Configure the reverse peer direction on selector B for bidirectional lifecycle
synchronization. `GET /dump` exposes the selector's current indexer snapshot in
the same recovery format as the standalone indexer.

Replica-sync peers may also be changed without restarting the selector:

```http
POST /replica_sync/register_peer
Content-Type: application/json

{"endpoint":"tcp://selector-b:9092"}
```

The same body is accepted by `POST /replica_sync/deregister_peer`.
`GET /replica_sync/peers` returns the sorted configured endpoints.
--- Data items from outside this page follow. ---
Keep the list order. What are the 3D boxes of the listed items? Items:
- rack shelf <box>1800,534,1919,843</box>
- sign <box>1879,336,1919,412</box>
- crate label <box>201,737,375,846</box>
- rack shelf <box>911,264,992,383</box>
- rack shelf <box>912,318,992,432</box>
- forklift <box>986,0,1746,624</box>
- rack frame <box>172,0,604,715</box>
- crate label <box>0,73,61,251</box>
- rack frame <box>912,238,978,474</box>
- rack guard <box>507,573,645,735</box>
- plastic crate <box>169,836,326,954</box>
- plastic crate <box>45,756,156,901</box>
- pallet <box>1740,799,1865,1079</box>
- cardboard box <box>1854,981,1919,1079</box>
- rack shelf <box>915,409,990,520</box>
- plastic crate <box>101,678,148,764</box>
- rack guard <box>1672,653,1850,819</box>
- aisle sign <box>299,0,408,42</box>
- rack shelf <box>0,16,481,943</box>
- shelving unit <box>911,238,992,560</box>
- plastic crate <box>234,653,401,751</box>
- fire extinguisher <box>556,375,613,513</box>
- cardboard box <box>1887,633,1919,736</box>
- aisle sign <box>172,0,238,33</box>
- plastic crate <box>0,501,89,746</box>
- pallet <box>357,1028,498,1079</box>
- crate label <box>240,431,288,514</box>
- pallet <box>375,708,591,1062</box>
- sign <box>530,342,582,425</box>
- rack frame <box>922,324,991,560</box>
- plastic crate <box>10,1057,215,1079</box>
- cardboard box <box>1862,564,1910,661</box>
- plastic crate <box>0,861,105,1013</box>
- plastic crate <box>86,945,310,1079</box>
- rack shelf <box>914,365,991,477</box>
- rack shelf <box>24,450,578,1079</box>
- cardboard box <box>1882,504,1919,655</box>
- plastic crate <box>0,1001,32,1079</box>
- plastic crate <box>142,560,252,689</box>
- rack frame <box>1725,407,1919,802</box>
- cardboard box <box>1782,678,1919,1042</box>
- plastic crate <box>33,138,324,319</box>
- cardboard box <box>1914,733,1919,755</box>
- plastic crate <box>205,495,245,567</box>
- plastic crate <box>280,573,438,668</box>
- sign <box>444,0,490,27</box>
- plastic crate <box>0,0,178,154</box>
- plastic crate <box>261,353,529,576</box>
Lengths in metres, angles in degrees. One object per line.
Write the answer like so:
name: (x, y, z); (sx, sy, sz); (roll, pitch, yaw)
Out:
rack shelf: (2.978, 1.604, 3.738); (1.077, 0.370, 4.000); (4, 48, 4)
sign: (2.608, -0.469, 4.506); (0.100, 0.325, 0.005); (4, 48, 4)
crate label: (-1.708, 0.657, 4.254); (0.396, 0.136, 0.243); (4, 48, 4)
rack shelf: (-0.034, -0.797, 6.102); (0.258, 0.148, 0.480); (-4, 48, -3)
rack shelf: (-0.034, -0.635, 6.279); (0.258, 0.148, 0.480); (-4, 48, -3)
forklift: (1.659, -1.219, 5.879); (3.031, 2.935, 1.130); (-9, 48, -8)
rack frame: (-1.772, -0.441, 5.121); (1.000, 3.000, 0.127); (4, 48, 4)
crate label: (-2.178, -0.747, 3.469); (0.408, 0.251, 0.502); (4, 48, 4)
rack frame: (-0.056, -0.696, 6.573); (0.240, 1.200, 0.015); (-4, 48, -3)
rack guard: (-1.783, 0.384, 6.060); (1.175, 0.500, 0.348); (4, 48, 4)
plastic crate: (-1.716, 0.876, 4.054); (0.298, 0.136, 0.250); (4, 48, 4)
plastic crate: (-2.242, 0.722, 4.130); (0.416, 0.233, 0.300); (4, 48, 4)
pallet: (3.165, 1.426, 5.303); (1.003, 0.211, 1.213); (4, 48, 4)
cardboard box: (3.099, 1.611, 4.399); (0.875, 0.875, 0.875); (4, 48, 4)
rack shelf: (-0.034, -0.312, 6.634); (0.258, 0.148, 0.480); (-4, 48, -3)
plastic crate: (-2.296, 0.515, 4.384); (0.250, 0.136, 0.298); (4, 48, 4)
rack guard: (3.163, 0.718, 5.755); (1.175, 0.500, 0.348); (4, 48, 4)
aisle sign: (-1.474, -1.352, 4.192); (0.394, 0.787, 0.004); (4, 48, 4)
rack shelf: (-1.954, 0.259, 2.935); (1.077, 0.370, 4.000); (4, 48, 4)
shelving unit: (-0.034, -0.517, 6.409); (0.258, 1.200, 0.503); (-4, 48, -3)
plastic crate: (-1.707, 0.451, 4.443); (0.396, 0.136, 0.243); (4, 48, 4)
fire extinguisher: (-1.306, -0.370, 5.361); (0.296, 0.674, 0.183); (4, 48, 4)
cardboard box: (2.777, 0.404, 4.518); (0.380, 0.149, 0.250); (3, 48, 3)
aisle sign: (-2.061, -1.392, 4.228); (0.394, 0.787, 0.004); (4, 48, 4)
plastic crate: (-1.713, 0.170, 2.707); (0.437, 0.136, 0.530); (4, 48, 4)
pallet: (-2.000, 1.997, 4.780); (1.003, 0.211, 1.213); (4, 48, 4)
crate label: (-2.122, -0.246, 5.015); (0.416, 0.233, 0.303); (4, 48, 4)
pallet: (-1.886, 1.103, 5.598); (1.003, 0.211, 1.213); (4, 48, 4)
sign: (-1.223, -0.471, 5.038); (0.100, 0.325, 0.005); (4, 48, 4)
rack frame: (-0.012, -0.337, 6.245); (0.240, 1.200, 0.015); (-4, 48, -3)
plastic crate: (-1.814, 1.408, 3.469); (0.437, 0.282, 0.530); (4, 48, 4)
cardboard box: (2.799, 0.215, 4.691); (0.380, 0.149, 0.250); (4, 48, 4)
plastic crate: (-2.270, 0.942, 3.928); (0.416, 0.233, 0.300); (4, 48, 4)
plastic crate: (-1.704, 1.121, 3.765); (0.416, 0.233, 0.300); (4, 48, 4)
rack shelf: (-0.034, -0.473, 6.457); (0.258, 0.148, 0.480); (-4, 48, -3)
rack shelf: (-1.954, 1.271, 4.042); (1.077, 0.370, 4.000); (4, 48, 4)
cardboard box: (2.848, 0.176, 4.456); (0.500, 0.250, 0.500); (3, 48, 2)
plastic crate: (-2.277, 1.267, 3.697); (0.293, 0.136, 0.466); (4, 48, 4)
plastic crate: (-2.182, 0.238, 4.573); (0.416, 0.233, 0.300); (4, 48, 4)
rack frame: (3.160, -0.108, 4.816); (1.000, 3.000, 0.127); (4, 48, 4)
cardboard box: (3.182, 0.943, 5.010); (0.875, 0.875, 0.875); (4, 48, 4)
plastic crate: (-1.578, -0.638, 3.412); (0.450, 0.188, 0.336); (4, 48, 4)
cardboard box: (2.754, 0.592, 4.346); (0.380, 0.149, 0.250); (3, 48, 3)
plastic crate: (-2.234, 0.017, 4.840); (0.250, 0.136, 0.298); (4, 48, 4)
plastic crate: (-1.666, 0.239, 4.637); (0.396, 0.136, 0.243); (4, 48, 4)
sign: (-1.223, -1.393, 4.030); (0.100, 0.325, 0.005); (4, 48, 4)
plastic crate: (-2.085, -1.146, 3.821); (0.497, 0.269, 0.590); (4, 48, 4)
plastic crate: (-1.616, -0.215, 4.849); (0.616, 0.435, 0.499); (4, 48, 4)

Dynamic
membership is in-memory; after restart, only peers supplied through
`--replica-sync-peers` are restored. These routes only manage live ZMQ
replica-sync peers. They do not alter the HTTP indexer-recovery peers.

## Consistency Invariants

- Replica synchronization is bounded and best-effort. Delays, reordering,
  dropped events, and temporary active-load divergence are accepted.
- There is no sequencing, acknowledgement, replay, backpressure, or
  resynchronization for replica lifecycle events.
- Unknown worker, model, tenant, DP-rank, and block-size events are dropped.
  Register the same worker catalog on every selector before routing traffic.
- Admission, prefill-complete, and free are synchronized. Output-block growth
  remains local to avoid excessive network bandwidth.
- Startup recovery waits for recovered events to be submitted to the indexer,
  not for complete processing. Early selections may temporarily miss recovered
  KV state.
- `/select` followed by `/reservations` provides eventual, not atomic,
  cross-replica admission. Use `/select_and_reserve` for atomic local booking.
- Reservation IDs must be globally unique. Existing conflict and retry
  semantics are unchanged; no idempotency ledger is added.

## Inspection APIs

- `GET /loads` returns active-load snapshots, optionally filtered by
  `model_name` and `tenant_id`.
- `POST /potential_loads` estimates worker load for a prompt without selection.
- `POST /overlap_scores` returns per-worker/per-rank tiered overlap rows.
- `GET /dump` returns the compatible indexer recovery snapshot.